Learned counsel for appellant is actually not mistaken in terming the surgical blade (as shown in its sketch) to be a knife. Since there is no evidence on record to the effect that surgical blade in question was sharp enough to cause death or serious bodily injury, therefore, by any stretch of imagination, the said weapon of offence cannot be said to be a ‘deadly weapon’. So, the conviction of appellant for the offence under Section
397 of IPC is rendered unsustainable and is accordingly set aside.
In the face of evidence on record, the conviction of appellant for the offence under Sections 392/34 of IPC is found to be well merited.
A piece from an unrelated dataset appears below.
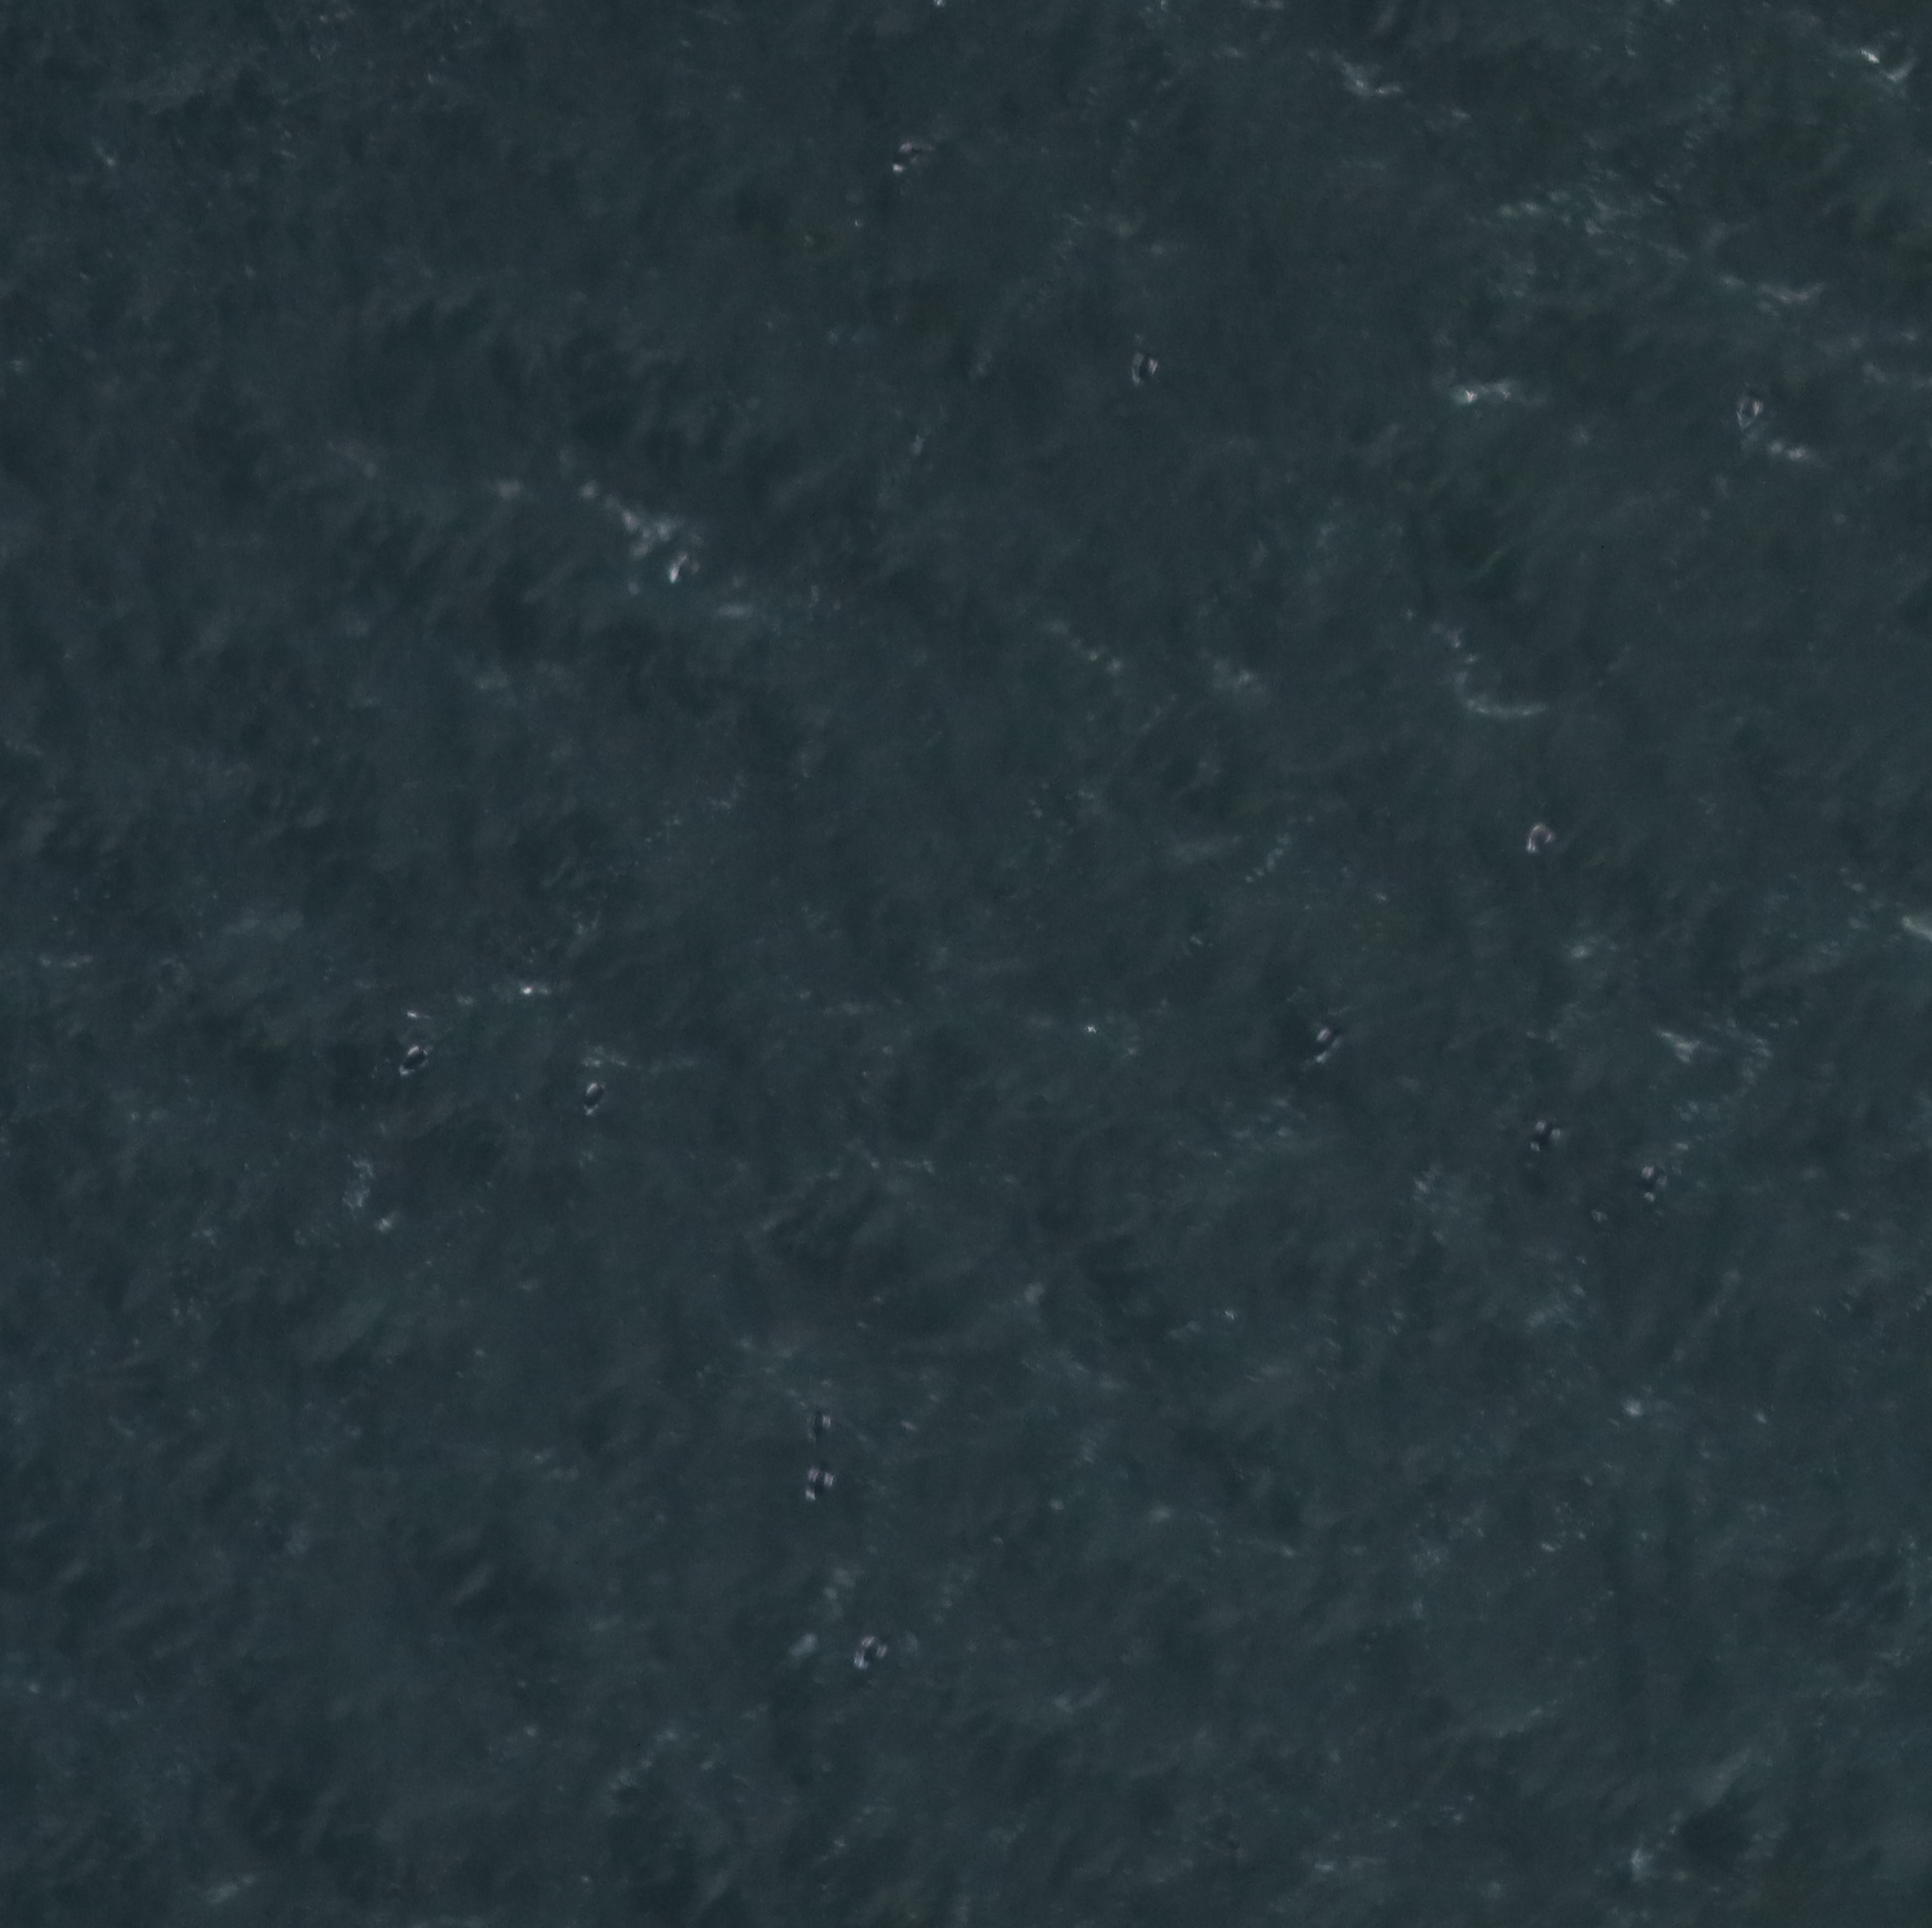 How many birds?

13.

While maintaining the conviction of appellant for the offence under
Sections 392/34 of IPC, the substantive sentence awarded to him is reduced from 5 years to 4½ years. However, the sentence awarded in default of payment of fine is maintained. If the appellant has already undergone the modified sentence of 4½ years, then he be released in this case forthwith, if he is not wanted in any other case.
To the aforesaid extent, the impugned judgment and order on sentence is modified.
This appeal is accordingly disposed of. The concerned Jail
Superintendent be apprised of this judgment forthwith to ensure its compliance.